Exclusive: La’Porsha Renae Talks Debut Album ‘Already All Ready,’ “American Idol” Fame, Family & More

Captivating listeners since the age of six, La’Porsha Renae is poised to carve her niche in the industry. Whether the soundscape is pop, rock or R&B, her powerhouse vocals exude infectious passion. Her debut album, Already All Ready, due out March 31 on 19 Recordings/Motown Records, reflects her complex yet refreshing artistry.

The bold first single, “Good Woman” released last fall, reminded us of why she is our favorite “American Idol” runner-up. Her empowering anthem, “Battles” was tapped as the theme song for the gold medal-winning U.S. Women’s Gymnastics team at the 2016 Summer Olympics in Rio. This dynamic singer/songwriter is already a force that is felt soul deep.

ThisisRnB recently caught up with La’Porsha right before she started her radio promo tour. She spoke to us about dealing with those who try to bring you down, details about her forthcoming debut album, the “American Idol” fame and experience, her family, and more.

Check out the interview below.


Congratulations on your album! Tell us what Already All Ready means.

It means that I didn’t have to—I don’t have to change anything about myself to become what I want to become, or to pursue my art. A lot of times, the industry or society in general will have you thinking that you have to change your look to even get a shot. So Already All Ready is about women and men, alike embracing who they are, what they are, and going for it, just as they are. If you stay ready, you ain’t got to get ready.

Did you write all of the songs on the album? What is your favorite track?

I wrote on most of the songs. The most I wrote on was “Good Woman.” My favorite track is “Cover Up,” it’s a song that Diane Warren wrote. I dedicated the song to survivors of domestic violence and rape trauma syndrome.

We admire artists who are true to themselves. Who or What instilled that in you?

I think it was all those years of being rejected and talked about and teased; everything built a thick skin.  I learned from my mother, who had long talks with me. While growing up, what made me different was one, I wanted to wear my natural hair; two, I liked to write a lot, I liked to sing and I was kinda reclusive. I learned to love myself in a nutshell.

The album cover is everything. Was it your idea?

Yes, it was. The album cover represents all of my past insecurities, and everything I advocate for. I represent beautiful, full figured women, single mothers and natural haired women, and black lives. My team was iffy about it, but once I explained what it meant to me they were all for it. I’ve been getting good reviews on it, so I’m really proud of it.

How old is your daughter? She’s precious. 

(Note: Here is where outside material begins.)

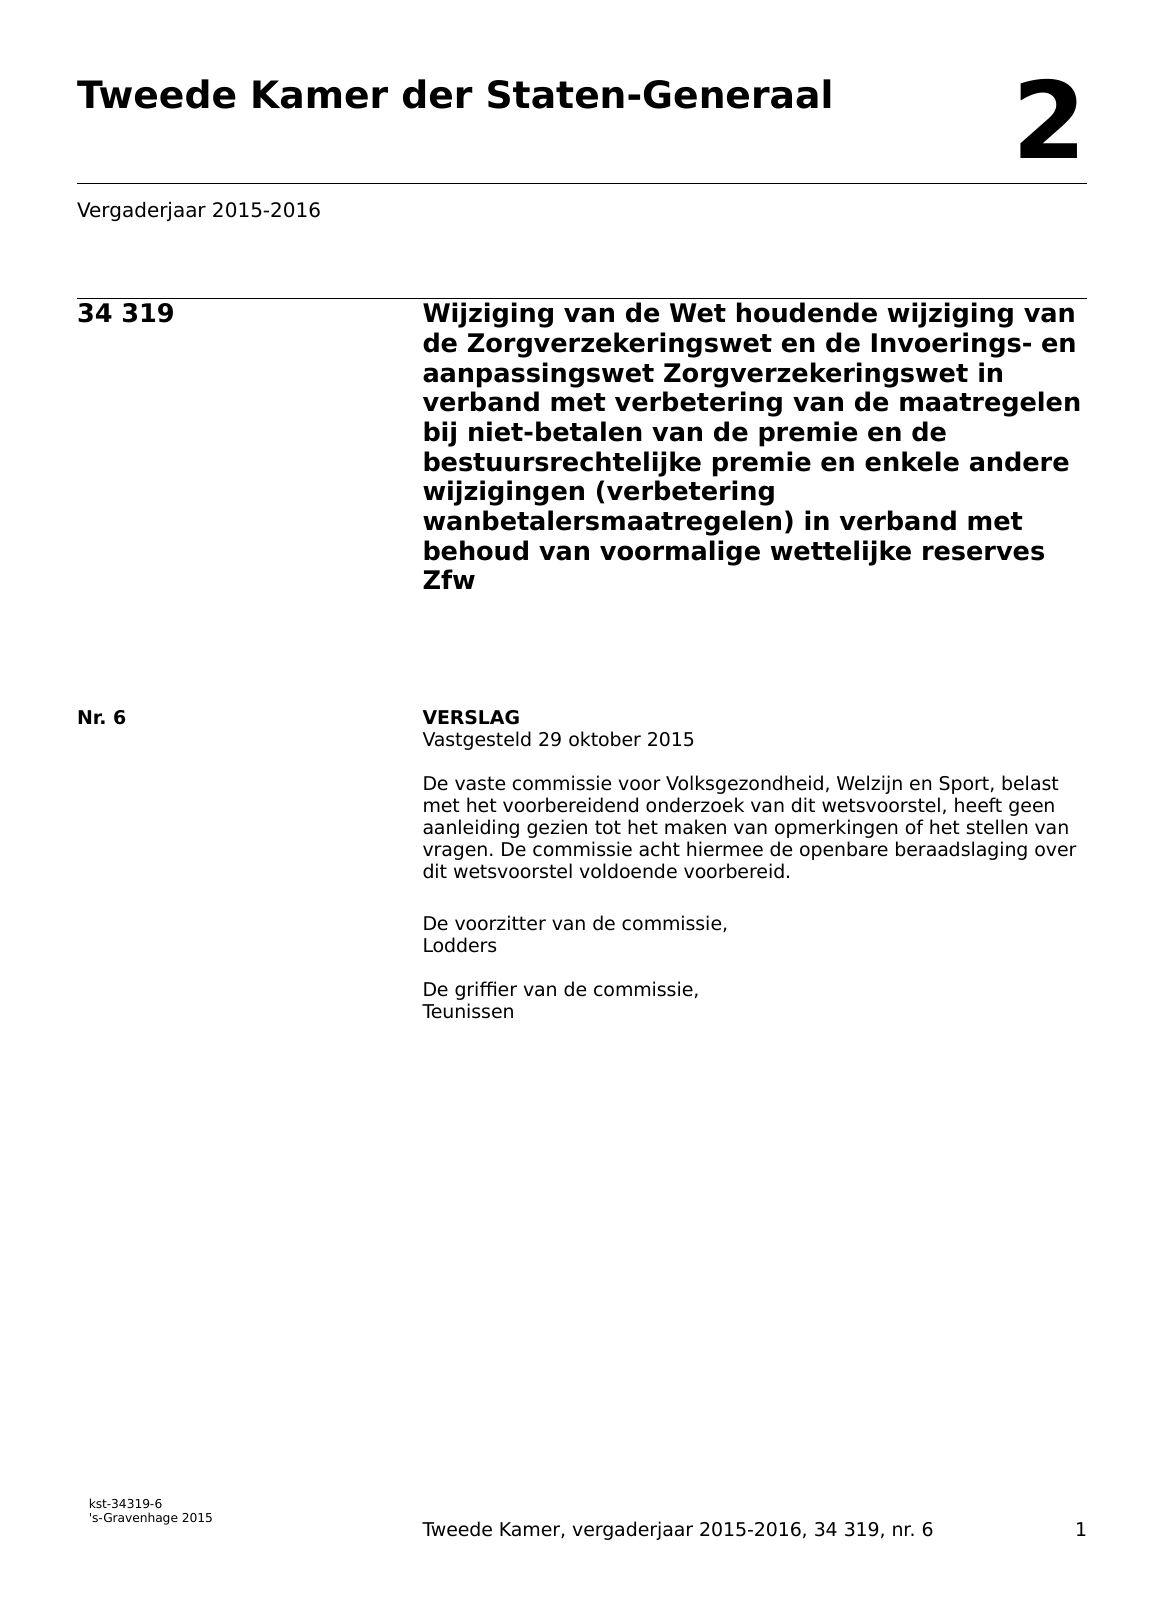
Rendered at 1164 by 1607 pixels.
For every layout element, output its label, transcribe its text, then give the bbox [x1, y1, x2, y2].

She’s walking, she knows her ABCs, she knows her colors, she knows her shapes and she knows how to count from 1 to 20. She’s very smart. Oh, and she’s potty-trained now, I’m really excited about that. She’s only two.

Do you feel a responsibility as an artist to be an activist?

Oh yeah, that’s part of what made the artists back in the day so powerful and great is the fact that they talked about things that were going on. If you’re given a platform or an opportunity to have a bigger voice, then you should use that to its full capacity. That’s how you get action and change, you have conversations. Since music is a universal language, then that’s a big conversation by a lot of people that can make a lot of change.

Coming to the realm of American Idol, and going through that whole process, being in the spotlight, was that culture shock for you?

You know, it didn’t hit me until after Idol. I just made sure to stay in my bubble. Eventually, when I started getting noticed everywhere I went it was like, wow. I would forget that I was being watched by the nation. I think I’m still adjusting to it. But, yes, it is a big culture shock to say the least.

Who are some artists that you would like to work with?

I would like to work with Missy Elliott. I like how different she is.

You survived a domestic violence relationship and went through a divorce. Is that part of what empowered you to embrace who you are?

It definitely was. Especially in dealing with some of the cruel things that people may say about you or think about you. The fact that I went through what I went through with my ex-husband—this stuff is candy to me. That was God’s way of preparing for this. He made me learn to appreciate and love everything that my ex-husband hated about me. He did[ex-husband] try and bring me down, but like my mother always says, ‘Those who try to bring you down are already below you.’ I had to ponder on that and realize that anyone who’s after you to bring you down is intimidated by your greatness.